Michael received his Bachelor of Science in Mechanical Engineering from Northwestern University in 2017. Initially preparing for a career in aerospace by interning as a Testing Engineer at GE Aviation, he was later swayed towards one in robotics after studying mechatronics, competing in a robotics competition, and partaking in an automation project for his senior capstone.

Michael grew up in Schiller Park, Illinois and enjoys reading, cooking, and gaming. Now as a student of the MSR program, he is continuously building his repertoire of skills that will prepare him for a career in automation.

Latest Projects


Quadrotor Drone

This quadrotor was designed using a F450 frame, CC3D flight controller, and 1000KV brushless motors. The flight controller was programmed using the open source program, LibrePilot. Currently, this drone can be flown by an RC trasmitter, but the next step is to implement autonomous flight. This will be done by connecting the flight controller to a Raspberry Pi via USB and executing a program that sends the drone on a predetermined flight path.

Github repo link


Component List:

  • F450 Quadcopter Frame Kit
  • 4 Propellers (plus extras)
  • 4 1000KV Brushless Motors
  • 4 30A Electronic Speed Controllers
  • CC3D Flight Controller
  • 2.4GHz 6 Channel Digital Transmitter and Receiver
  • 2700mAh 3s LiPo Battery

Block Diagram

Block Diagram

Receiver and Motor Diagram

Receiver and Motor

Other Projects

Tic Tac Toe Arm

The Tic Tac Toe Arm is a Sawyer robot that is programmed to play a game of Tic Tac Toe against a human on a dry erase board. The robot arm is programmed to execute three objectives: read the current board state, compute its next optimal move, and perform the trajectory needed to draw an X in that board space.

Tic Tac Toe Arm

Senior Capstone Project

The goal for this project was to build a working prototype for a mechanism that can automate the construction of airplane cabins. In collaboration with Boeing and the Northwestern Robotics lab, my team and I approached this challenge by designing a six degree of freedom system that consisted of a gimbal attached to three motorized legs. This machine was designed to be mounted on a mecanum wheel robot for the purpose of transporting large airplane parts in to position for assembly. With three of these robots working in sync, they would be able to move an airplane part into any configuration for assembly.

senior capstone

Northwestern Robotics Competition 2016

The Northwestern Robotics Competition is an annual event that can be taken as a course with a different objective each year. In 2016, teams were challenged to create a robot that can navigate an obstacle course made of foam pool noodles that sat on a raised platform. On the opposite end of the course was a plastic cup wrapped in reflective tape that sits on a small, wheeled platform that was remote controlled by another team. The robot needed to autonomously detect the cup and knock it over. My team designed a three-wheeled robot with a propeller at the head to knock over the cup.

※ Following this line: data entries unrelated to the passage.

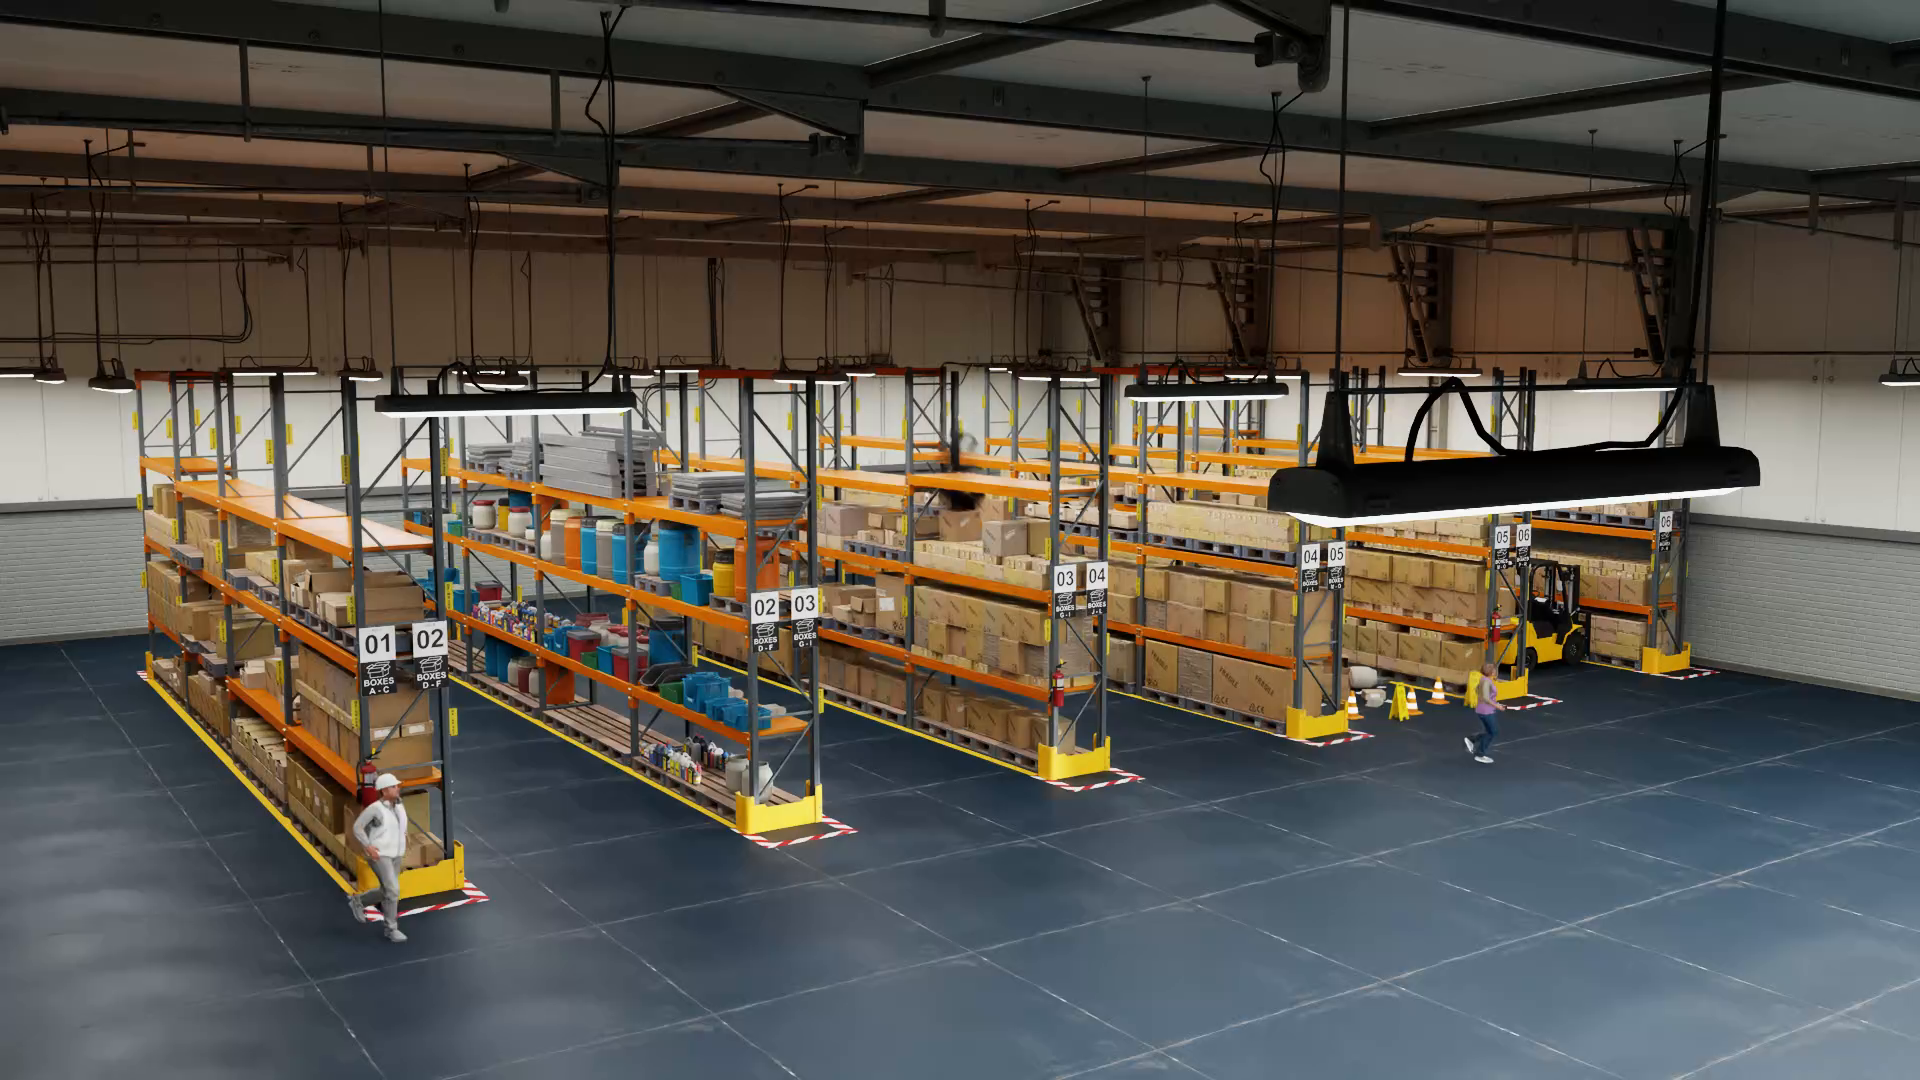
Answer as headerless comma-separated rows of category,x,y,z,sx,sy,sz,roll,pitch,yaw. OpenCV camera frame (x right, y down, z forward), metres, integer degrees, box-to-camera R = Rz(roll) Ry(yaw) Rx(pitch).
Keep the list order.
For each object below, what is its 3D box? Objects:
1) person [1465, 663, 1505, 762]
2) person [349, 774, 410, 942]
person,8.123,2.664,25.739,0.574,1.560,0.567,2,7,14
person,-6.284,3.434,18.179,0.802,1.762,0.705,2,7,20

The propeller was made from a high RPM motor, a 3D printed coupler, and two large zip ties. Laser and photodiode pairings were used to detect the cup as well as detect if the robot was near the edge of the obstacle course.

competition

Work Experience

Applications Engineer - Duraflex, Inc. (2018 - 2019)

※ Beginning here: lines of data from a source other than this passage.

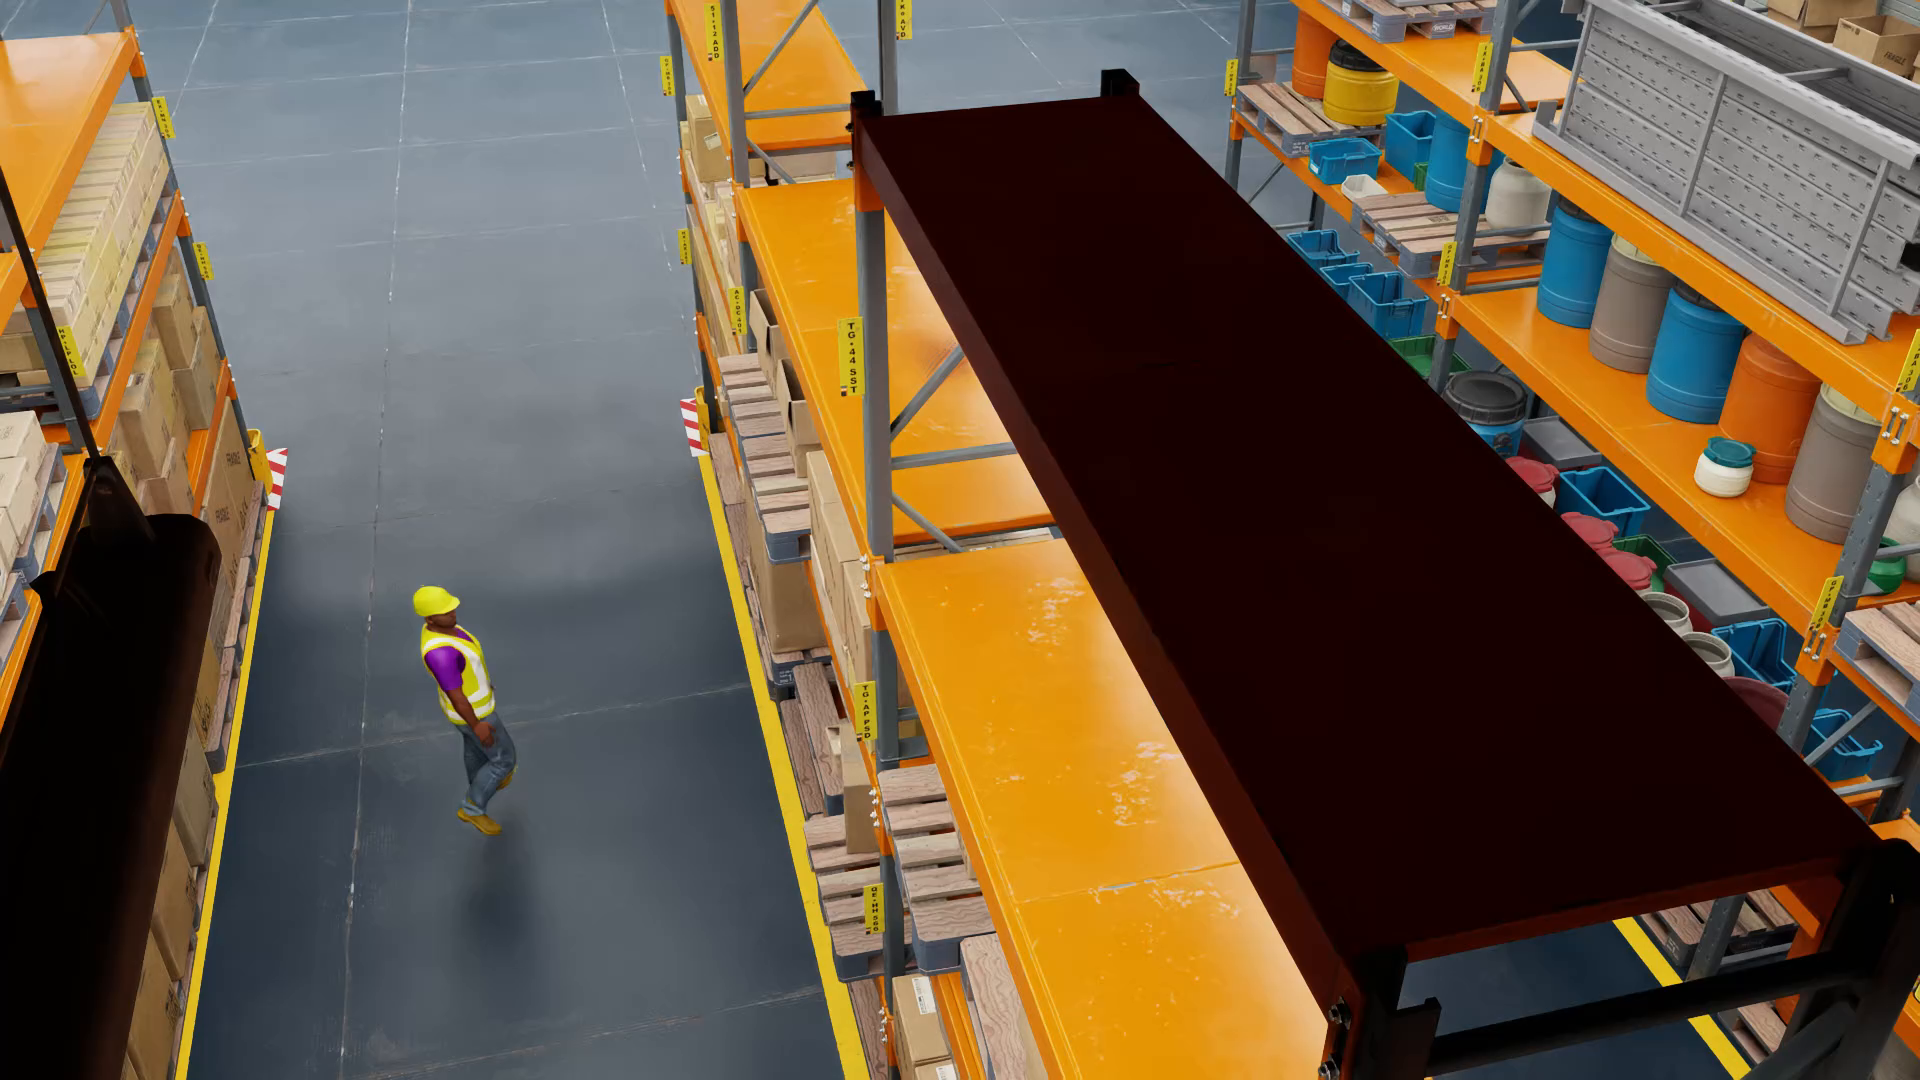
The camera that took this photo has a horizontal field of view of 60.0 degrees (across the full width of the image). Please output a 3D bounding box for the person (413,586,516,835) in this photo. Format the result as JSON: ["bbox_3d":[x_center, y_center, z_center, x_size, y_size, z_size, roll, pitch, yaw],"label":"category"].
[{"bbox_3d":[-3.109,1.055,10.510,0.462,1.757,0.680,-18,38,-24],"label":"person"}]
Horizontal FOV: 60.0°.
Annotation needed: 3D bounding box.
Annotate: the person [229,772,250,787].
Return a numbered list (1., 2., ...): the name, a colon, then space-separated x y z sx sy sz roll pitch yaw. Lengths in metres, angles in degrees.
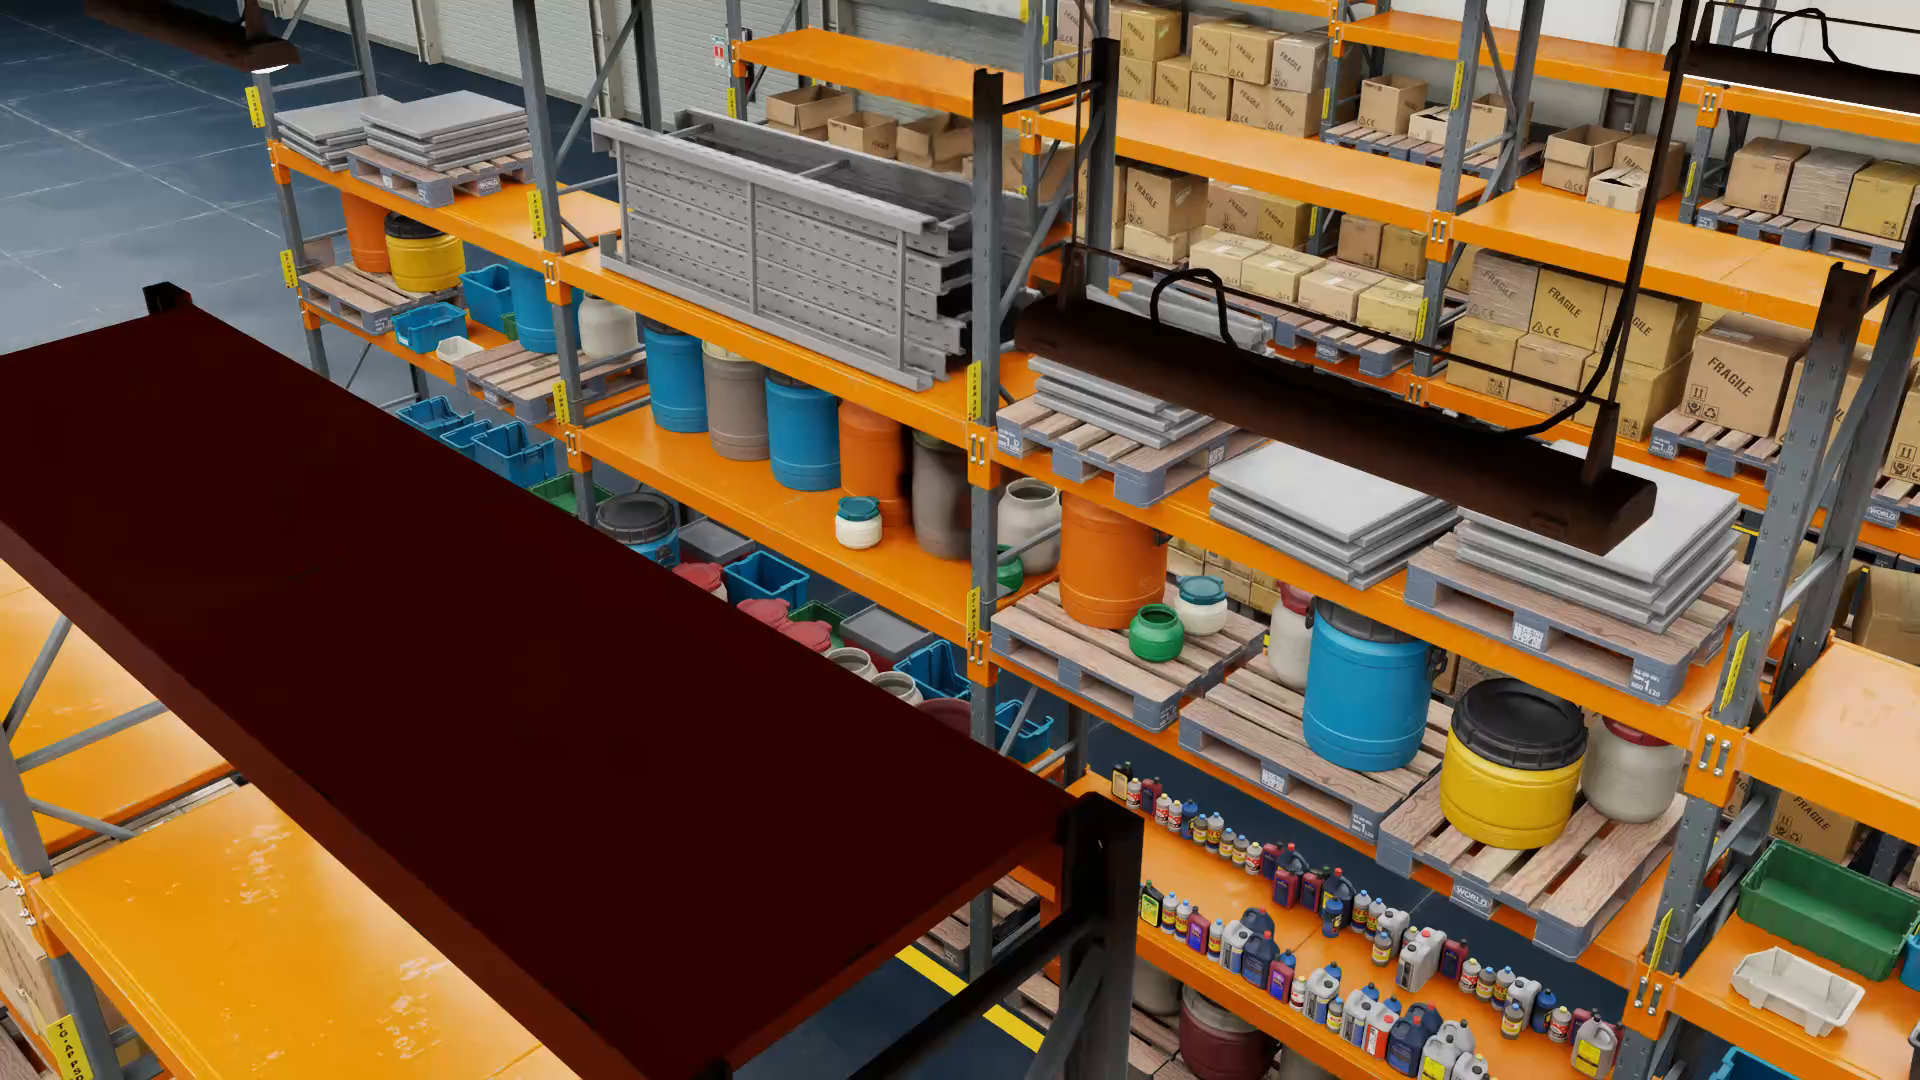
1. person: -5.176 1.599 11.718 0.646 1.627 0.569 22 36 33

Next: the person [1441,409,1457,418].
1. person: 4.342 -0.456 15.327 0.620 1.662 0.552 18 34 28

Designed bellows expansion joints in Solidworks for exhaust applications. Created 3D printed bellows prototypes to display to customers.

Testing Engineer Co-op - GE Aviation (2017)

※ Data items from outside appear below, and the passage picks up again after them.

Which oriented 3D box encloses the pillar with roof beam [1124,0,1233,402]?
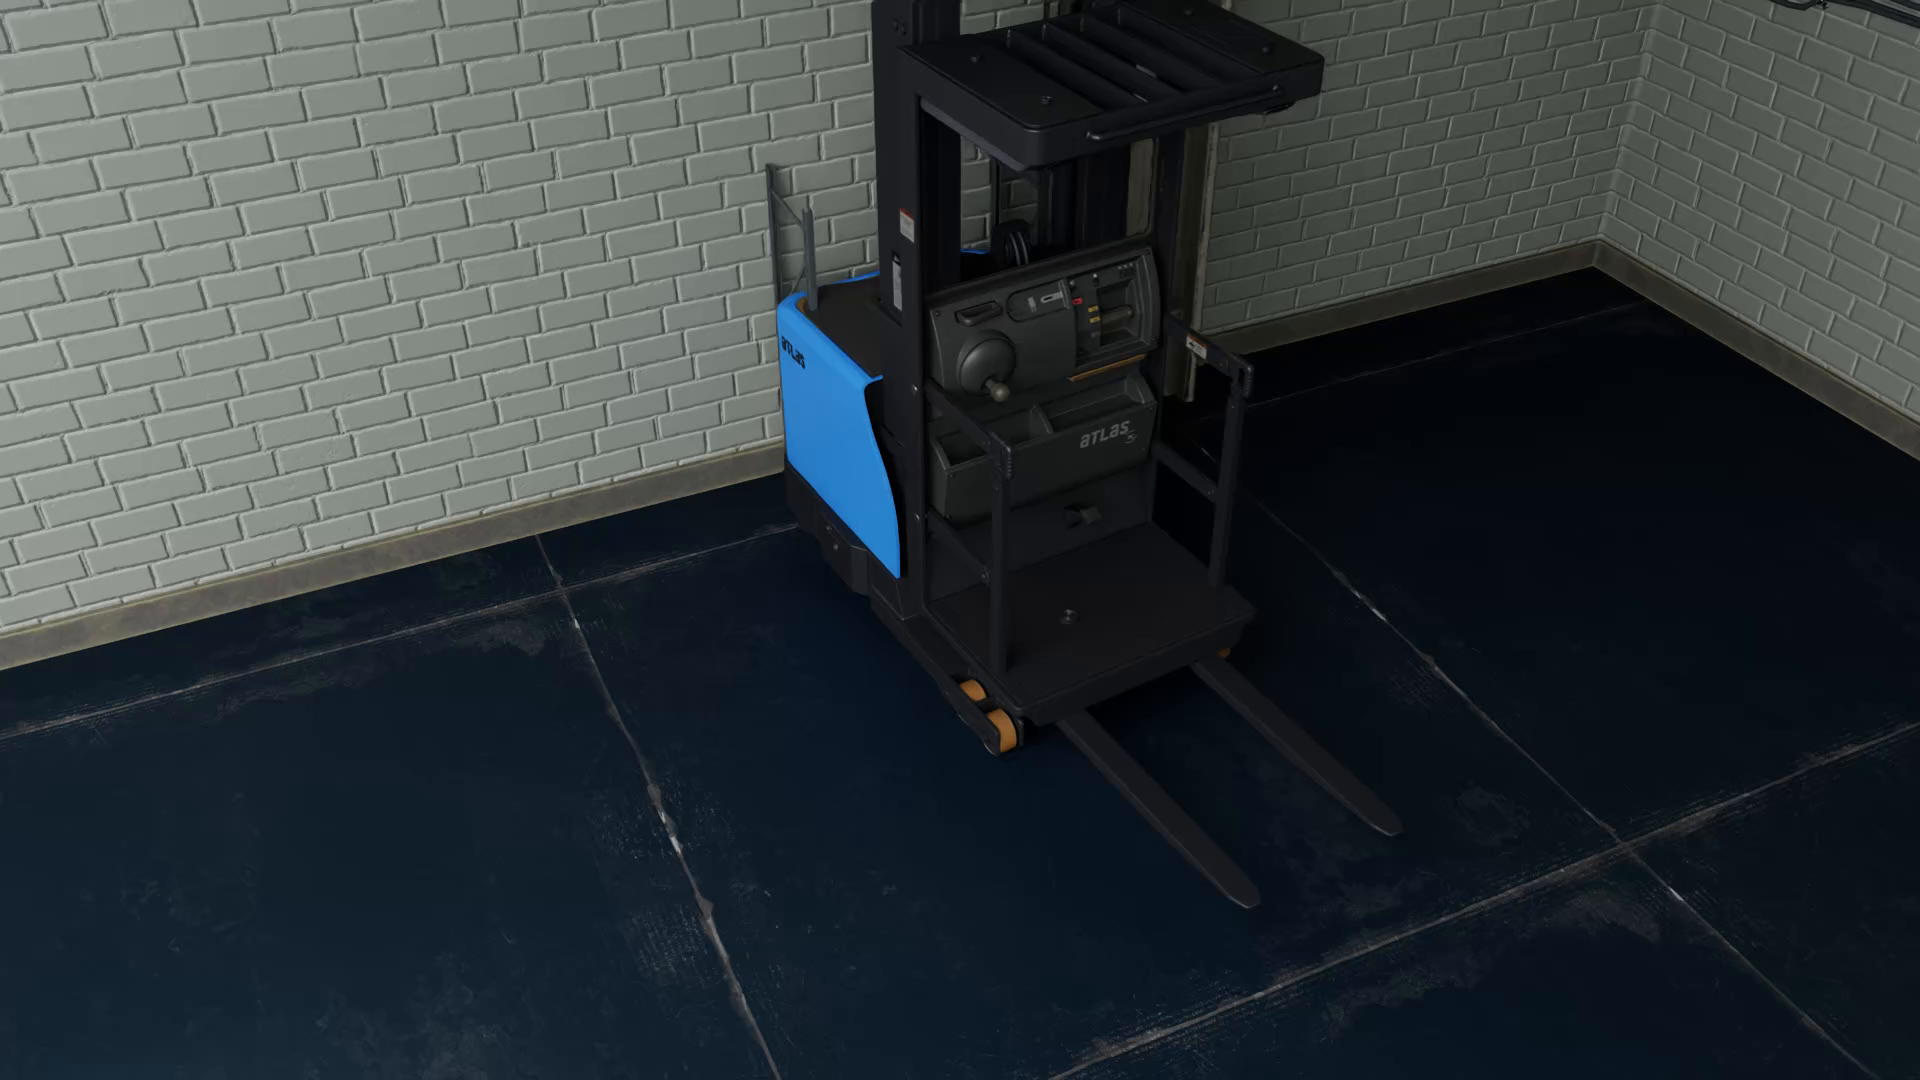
[{"bbox_3d":[2.739,-2.014,2.411,0.400,9.000,9.100,-16,39,-20],"label":"pillar with roof beam"}]

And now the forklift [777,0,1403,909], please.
[{"bbox_3d":[0.424,-0.700,5.733,1.130,2.935,3.031,-20,41,-24],"label":"forklift"}]

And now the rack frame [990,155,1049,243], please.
[{"bbox_3d":[0.246,-1.036,7.385,0.032,1.500,0.500,-14,39,-19],"label":"rack frame"}]

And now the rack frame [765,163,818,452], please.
[{"bbox_3d":[-0.685,-0.797,7.056,0.032,1.500,0.500,-14,39,-19],"label":"rack frame"}]

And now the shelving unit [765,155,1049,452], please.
[{"bbox_3d":[-0.219,-0.916,7.220,1.048,1.500,0.538,-14,39,-19],"label":"shelving unit"}]

Developed stress tests for ceramic matrix composite (CMC) shrouds to simulate engine conditions. Learned Python to create a script that post-processes raw data from thermal gradient and stress tests.

Supply Chain Engineer Co-op - GE Aviation (2016)

Devised an efficient system for the inventory of small enginer components. Tracked and sorted combustor parts to streamline part flow.